America’s Shameful Betrayal of Europe’s Desperate Jewish Academics in the Holocaust

Within days of Germany annexing Austria in March 1938, biologist Leonore Brecher was fired from her position at Vienna’s famed Institute for Experimental Biology. She was dismissed along with 15 other Jewish employees, who made up half the staff including its founder and director and all its department heads.  

The 52-year-old Brecher, who studied the environmental and hereditary factors that produce color changes in the cabbage white butterfly, knew her only hope was to immigrate as a scholar to either Great Britain or, better yet, the United States. Born in Rumania, she couldn’t expect to enter under the American quota for her home country, which stood at just 603 people a year. Brecher, however, had another avenue of escape. 

Section 4(d) of the 1924 immigration law provided non-quota visas to those who were professors at institutions of higher learning abroad and who planned to continue their vocation of professor in the United States. There was no limit on the number of professors who could be admitted. But the State Department interpreted 4(d) to require an immigrant to have a job offer from an American university to obtain a non-quota visa.

So Brecher wrote to every organization, colleague, friend, and acquaintance she could think of to help her obtain an American university position.

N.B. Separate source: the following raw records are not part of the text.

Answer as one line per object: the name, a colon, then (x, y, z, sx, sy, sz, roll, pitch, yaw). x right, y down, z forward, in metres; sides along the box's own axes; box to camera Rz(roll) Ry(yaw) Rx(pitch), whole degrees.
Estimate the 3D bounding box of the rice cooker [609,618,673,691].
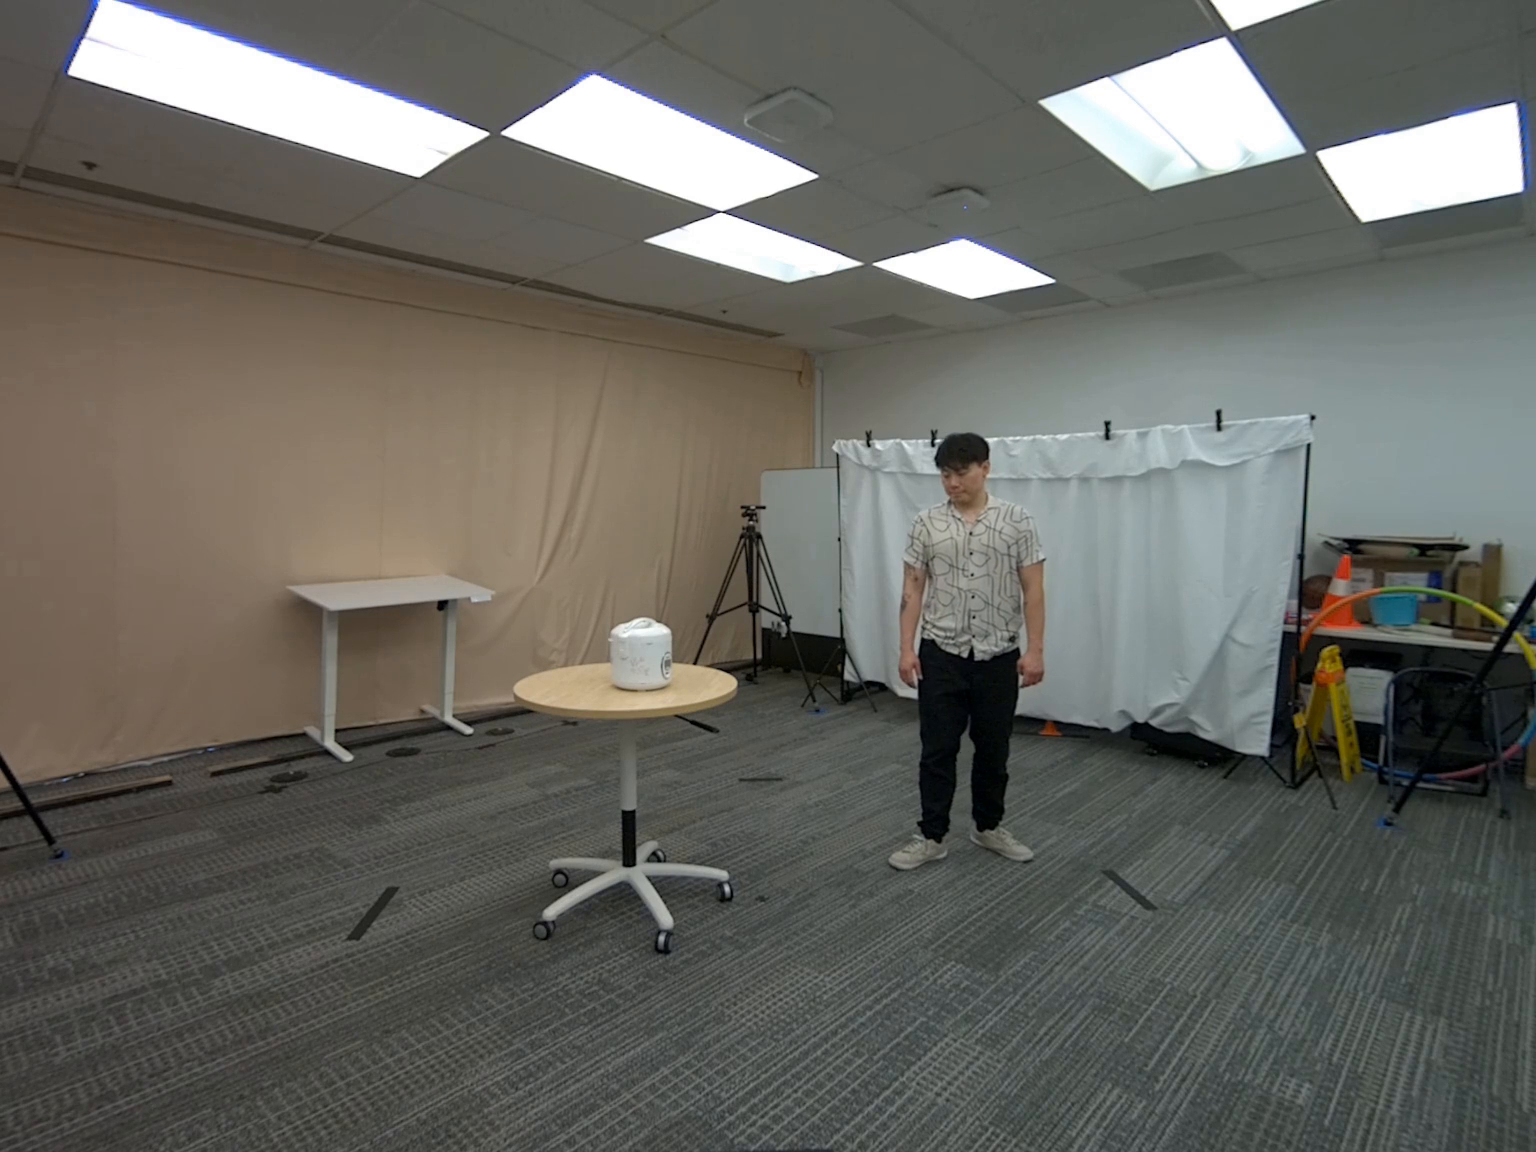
rice cooker: (-0.430, 0.260, 2.858, 0.223, 0.232, 0.215, 1, 4, 29)
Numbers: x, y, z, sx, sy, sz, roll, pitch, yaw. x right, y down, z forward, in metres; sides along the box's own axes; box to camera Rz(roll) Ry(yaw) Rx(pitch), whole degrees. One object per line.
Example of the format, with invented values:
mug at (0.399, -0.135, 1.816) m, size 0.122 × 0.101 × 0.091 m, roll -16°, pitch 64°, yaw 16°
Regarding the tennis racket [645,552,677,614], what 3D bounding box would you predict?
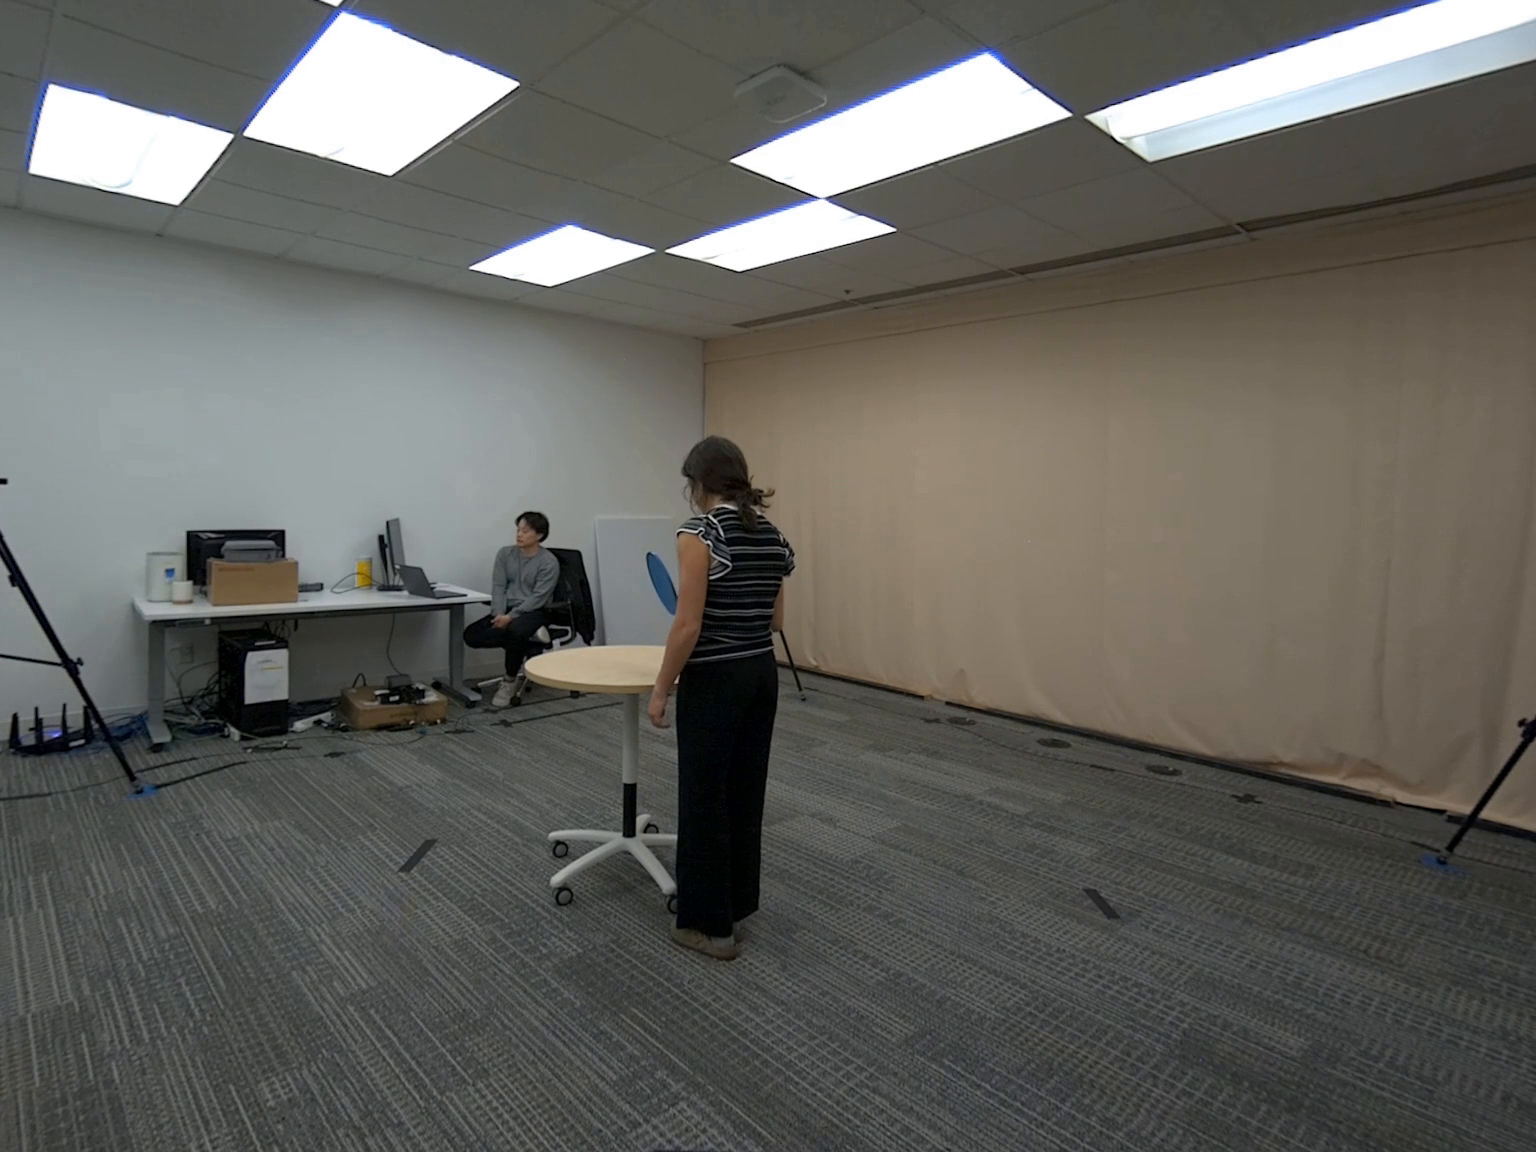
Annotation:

She was not alone. From 1933 until immigration basically ended in 1942, thousands of desperate scholars – the vast majority of whom were Jewish or of Jewish descent – besieged American universities. Some universities made offers to refugee scholars, but many more did not. Even with an offer in hand, the State Department often found other grounds upon which to deny visas. 


Prior to the 1938 Anschluss, long lines formed from dawn outside the US embassy in Vienna, as desperate Jews sought visas to escape the Nazis. From the book ‘Well Worth Saving,’ courtesy USHMM archive

All told, only 944 professors from Europe received non-quota visas between 1933 and 1941. It is hard to estimate accurately how many scholars sought to immigrate – or rather, how many sought to survive. As one measure, the primary American committee to help rescue European scholars, the Emergency Committee in Aid of Displaced Foreign Scholars, received over 6,000 appeals and ended up supporting just 335 scholars. 

This reality challenges the popular and scholarly narrative that America saved Europe’s intellectual elite from the Holocaust. The United States did indeed welcome Albert Einstein and Enrico Fermi, Hannah Arendt and Herbert Marcuse, Rudolf Carnap and Richard Courant.

But a welcoming America is only part of the story. The other part, the more common part, is reflected in Leonore Brecher’s experience as a dedicated biologist hampered by her age, her gender and her religion. "We cannot aid everybody, only the most prominent and gifted – the more’s the pity," wrote Alfred Cohn, an Emergency Committee founder. "About the rest and their fate, we have no plan, as yet."